Loss on early extinguishment of debt: For the three and six months ended June 30, 2021, Loss on early extinguishment of debt was $2.8 million and $22.2 million, respectively. For the three and six months ended June 30, 2020, Loss on early extinguishment of debt was $0.4 million and $1.2 million, respectively. The increase in loss for the three months ended June 30, 2021 was mainly due to early prepayments on our five-year, senior-secured term loan facility (the "5-Year Term Loan"). The increase in loss for the six months ended June 30, 2021 was mainly due to the payoff of the Acquisition Term Loan in the first quarter of 2021.
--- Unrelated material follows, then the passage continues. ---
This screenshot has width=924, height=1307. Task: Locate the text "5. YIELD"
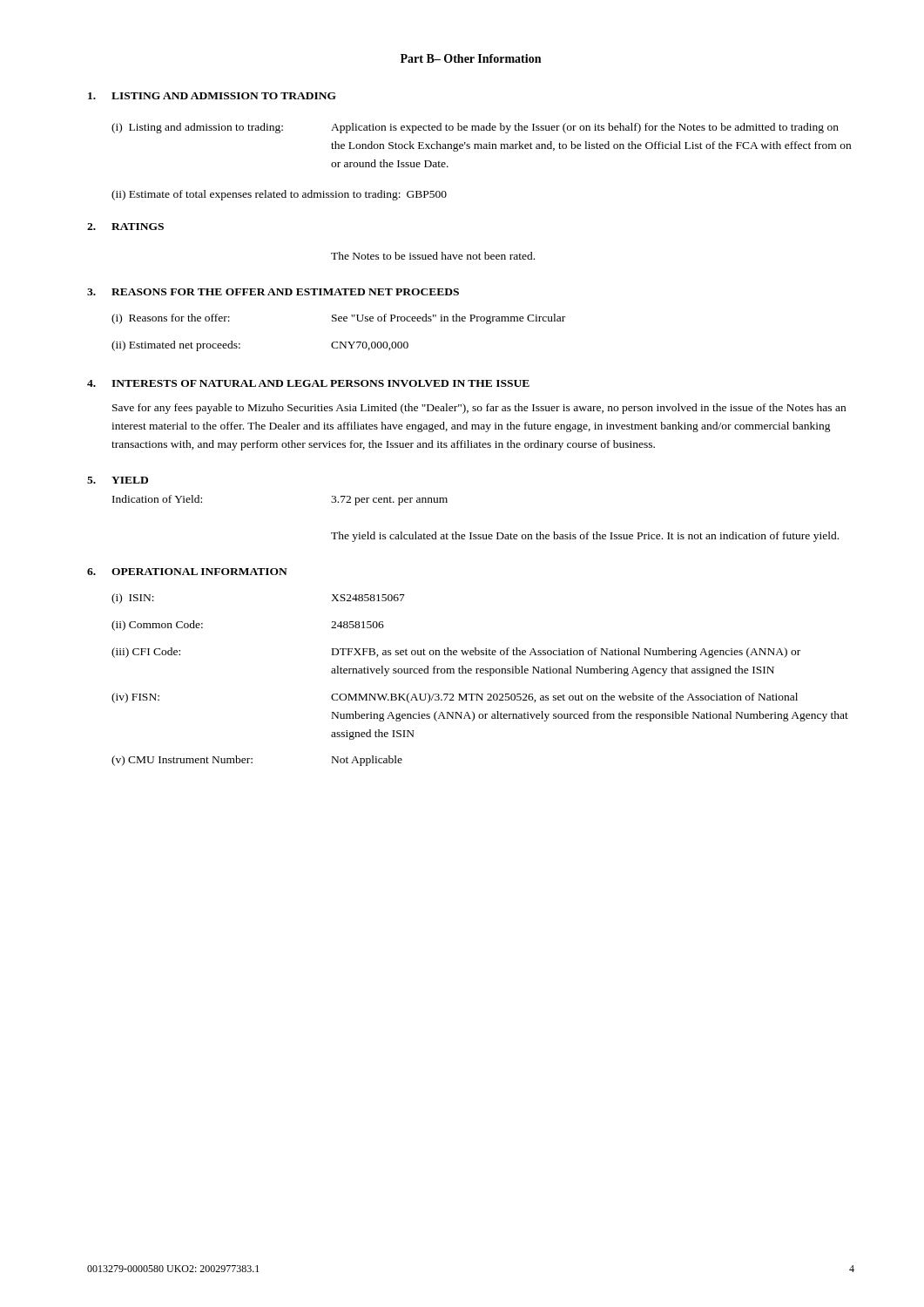point(118,480)
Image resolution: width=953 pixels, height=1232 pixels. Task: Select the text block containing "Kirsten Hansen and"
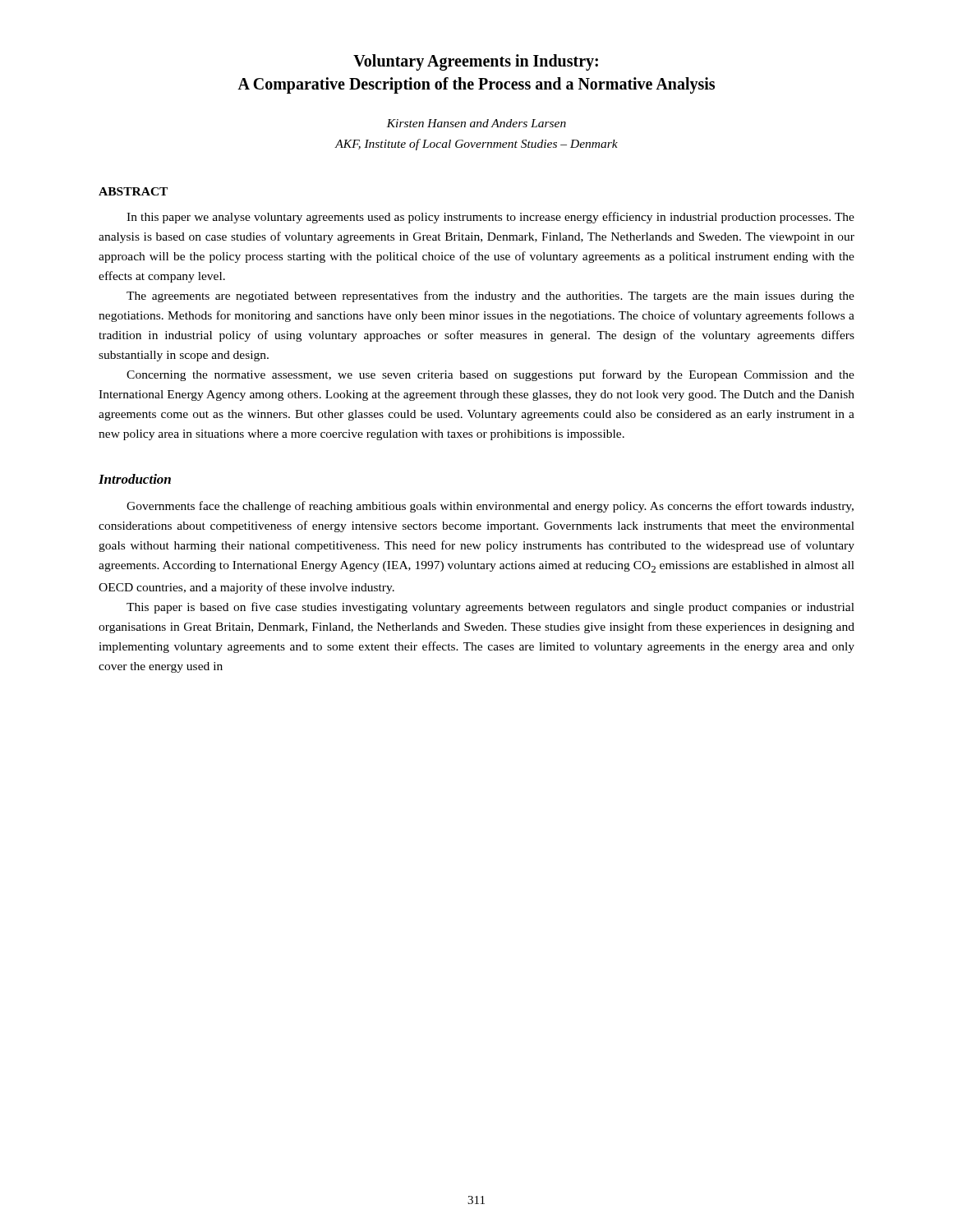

Non-operating pension income: For the three and six months ended June 30, 2021, Non-operating pension income was $23.9 million and $47.8 million, respectively, compared to $17.6 million and $36.1 million for the three and six months ended June 30, 2020, respectively. The increase in non-operating pension income for the three and six months ended June 30, 2021 was primarily due to an increase in the expected return on plan assets held by the Gannett Retirement Plan and lower interest costs on benefit obligations.
Loss on Convertible notes derivative: For the six months ended June 30, 2021, Loss on Convertible notes derivative was $126.6 million, due to the increase in the fair value of the derivative liability as a result of the increase in the Company's stock price.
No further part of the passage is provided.